4 présentations

• 
  15h30 - 15h55

  Stochastic Uncapacitated Hub Location

  • Ivan Contreras, prés., Concordia University
  • Jean-François Cordeau, HEC Montréal, GERAD, CIRRELT
  • Gilbert Laporte, HEC Montréal

  We present stochastic uncapacitated hub location problems in which uncertainty is associated with demands and transportation costs. To solve the case of uncertain independent transportation costs, we propose a Monte-Carlo simulation-based algorithm that integrates a sample average approximation scheme with a Benders decomposition algorithm.

• 
  15h55 - 16h20

  Facility Location with Economies of Scale and Congestion: Models and Column Generation Heuristics

  • Fatma Gzara, prés., University of Waterloo
  • Samir Elhedhli, University of Waterloo
  • Da Lu, University of Waterloo

  We study location problems with an inverse S-shaped cost function that is initially concave and then turns convex.

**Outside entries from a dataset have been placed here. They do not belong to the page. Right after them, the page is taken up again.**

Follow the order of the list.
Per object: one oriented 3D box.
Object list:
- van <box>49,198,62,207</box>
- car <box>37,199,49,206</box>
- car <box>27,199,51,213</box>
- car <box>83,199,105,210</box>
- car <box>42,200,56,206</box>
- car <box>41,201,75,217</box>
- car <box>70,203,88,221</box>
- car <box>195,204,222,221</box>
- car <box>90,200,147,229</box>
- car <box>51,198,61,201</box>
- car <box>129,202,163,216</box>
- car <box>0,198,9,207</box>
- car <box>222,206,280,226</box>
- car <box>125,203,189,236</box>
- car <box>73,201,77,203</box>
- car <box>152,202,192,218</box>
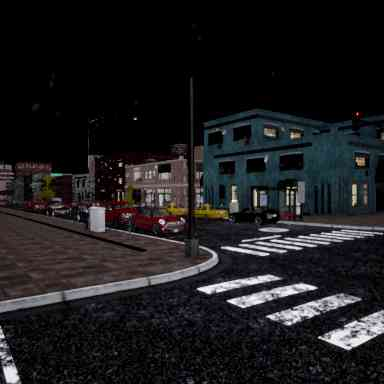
[{"bbox_3d":[-28.983,2.174,70.673,1.690,1.788,3.998,-1,0,-36],"label":"van"},{"bbox_3d":[-35.803,2.495,79.901,1.752,1.417,4.829,-1,0,-36],"label":"car"},{"bbox_3d":[-22.264,1.952,47.551,2.192,1.841,5.009,-1,0,-36],"label":"car"},{"bbox_3d":[-15.533,2.003,52.491,1.967,1.590,4.097,-1,0,-36],"label":"car"},{"bbox_3d":[-32.340,2.445,75.219,1.887,1.381,4.507,-1,0,-36],"label":"car"},{"bbox_3d":[-15.535,2.053,38.460,2.008,1.369,4.403,-1,0,-36],"label":"car"},{"bbox_3d":[-8.811,1.919,29.370,2.008,1.369,4.403,-1,0,-36],"label":"car"},{"bbox_3d":[1.178,1.753,29.901,1.752,1.417,4.829,-1,0,-36],"label":"car"},{"bbox_3d":[-5.454,1.616,24.824,2.192,1.841,5.009,-1,0,-36],"label":"car"},{"bbox_3d":[-25.297,2.265,61.343,1.812,1.442,4.674,-1,0,-35],"label":"car"},{"bbox_3d":[-5.445,1.911,38.855,2.008,1.369,4.403,-1,0,-36],"label":"car"},{"bbox_3d":[-42.470,2.358,74.798,2.192,1.841,5.009,-1,0,-36],"label":"car"},{"bbox_3d":[4.643,1.725,25.219,1.947,1.339,4.313,-1,0,-36],"label":"car"},{"bbox_3d":[-2.089,1.674,20.279,1.967,1.590,4.097,-1,0,-36],"label":"car"},{"bbox_3d":[-22.254,2.279,61.582,1.802,1.307,4.206,-1,0,-36],"label":"car"},{"bbox_3d":[-2.184,1.821,34.446,1.752,1.417,4.829,-1,0,-36],"label":"car"}]
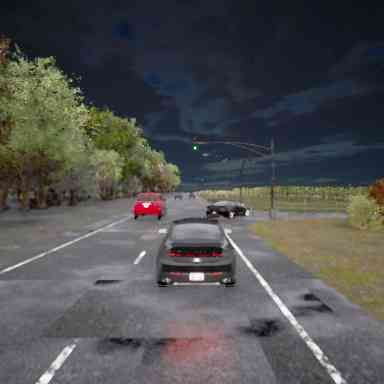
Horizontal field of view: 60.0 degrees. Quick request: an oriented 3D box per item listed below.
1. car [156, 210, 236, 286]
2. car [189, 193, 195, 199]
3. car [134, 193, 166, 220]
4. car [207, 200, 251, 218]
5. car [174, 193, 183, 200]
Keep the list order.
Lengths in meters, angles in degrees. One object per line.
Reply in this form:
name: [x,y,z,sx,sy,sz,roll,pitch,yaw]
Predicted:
car: [0.097,1.473,9.266,1.837,1.490,4.892,0,0,0]
car: [-0.021,1.140,94.565,1.837,1.490,4.892,0,0,0]
car: [-3.408,1.125,27.530,2.150,2.045,5.566,0,1,0]
car: [3.047,1.381,26.969,1.882,1.535,5.008,-1,0,33]
car: [-3.519,1.175,85.832,1.837,1.490,4.892,0,0,0]
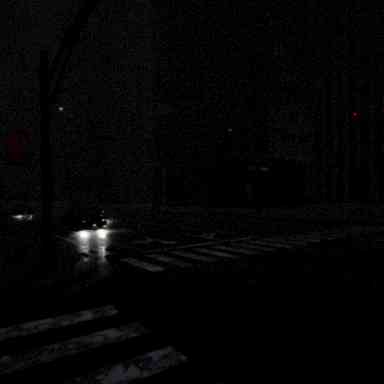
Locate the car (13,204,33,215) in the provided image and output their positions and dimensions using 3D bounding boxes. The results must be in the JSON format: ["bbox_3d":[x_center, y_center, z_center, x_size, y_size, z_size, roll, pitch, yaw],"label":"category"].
[{"bbox_3d":[-22.834,2.293,44.827,2.033,1.411,5.357,-1,0,-35],"label":"car"}]

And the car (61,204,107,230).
[{"bbox_3d":[-8.015,1.843,24.166,2.033,1.411,5.357,-1,0,-36],"label":"car"}]
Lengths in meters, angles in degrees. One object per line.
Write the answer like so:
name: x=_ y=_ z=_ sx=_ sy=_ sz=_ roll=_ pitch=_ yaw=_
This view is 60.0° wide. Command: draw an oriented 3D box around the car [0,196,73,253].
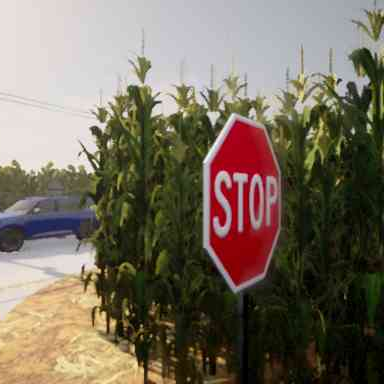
car: x=-6.405 y=1.200 z=14.190 sx=2.150 sy=2.045 sz=5.566 roll=0 pitch=0 yaw=36
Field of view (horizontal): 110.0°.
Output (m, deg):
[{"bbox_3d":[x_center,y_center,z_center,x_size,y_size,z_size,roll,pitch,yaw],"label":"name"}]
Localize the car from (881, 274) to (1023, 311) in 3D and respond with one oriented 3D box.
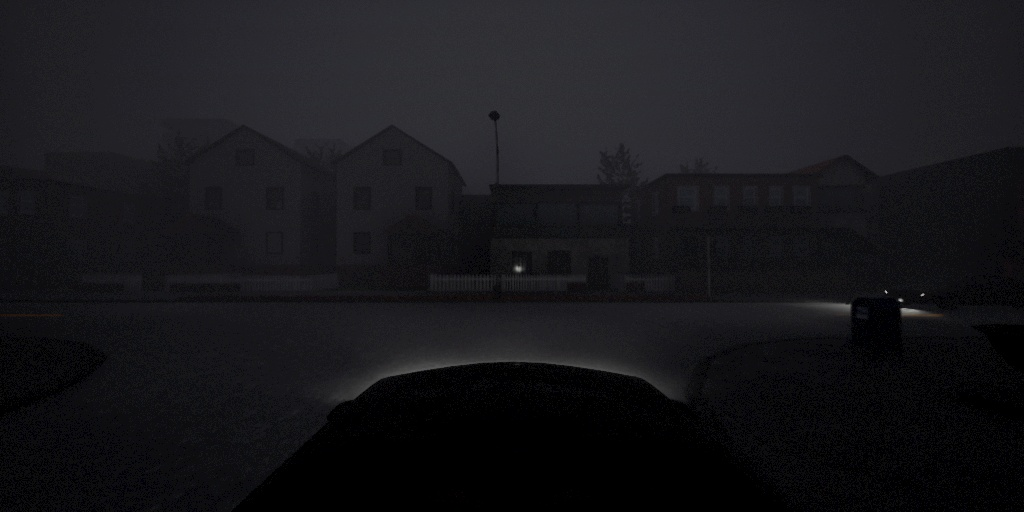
[{"bbox_3d":[18.859,1.454,14.956,5.357,1.411,2.033,0,-1,0],"label":"car"}]
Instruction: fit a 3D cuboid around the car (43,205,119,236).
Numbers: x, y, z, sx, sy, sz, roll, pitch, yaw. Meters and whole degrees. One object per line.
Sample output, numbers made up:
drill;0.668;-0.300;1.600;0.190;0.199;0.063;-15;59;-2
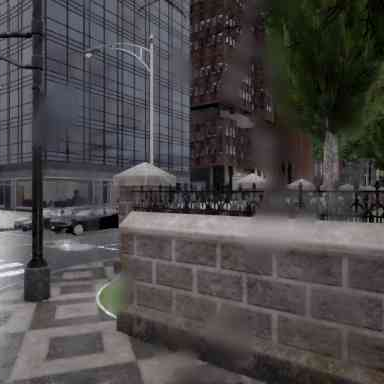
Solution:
car;-5.774;1.564;19.330;1.882;1.535;5.008;0;0;36

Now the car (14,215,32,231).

We introduce a nonlinear mixed integer programming formulation that is decomposable by environment type: economies of scale or congestion. We propose solution methods based on Lagrangean relaxation, column generation, and branch-and-bound.

• 
  16h20 - 16h45

  Cannibalisation Effects in Franchise Chains: A Variable Neighbourhood Search Method

  • Behnaz Saboonchi, prés., GERAD - HEC Montréal

  We present a Variable Neighbourhood Search heuristic to solve the classical Max-Min p-dispersion problem. It will serve as the core to build more practical franchise location models in the future. We intend to minimize cannibalization as much as possible by maximizing the dispersion between either the newly added units, or between the existing units and the new ones.

• 
  16h45 - 17h10

  Dividing a Territory Among Several Facilities

  • John Gunnar Carlsson, prés., University of Minnesota

  We consider the problem of dividing a geographic region into sub-regions so as to minimize the maximum workload of a collection of facilities over that region. We consider two measures for the "workload" of a facility: one is the length of a TSP tour of all demand points in the assigned sub-region, and the other is a monomial function of the distance from a demand point to its assigned facility.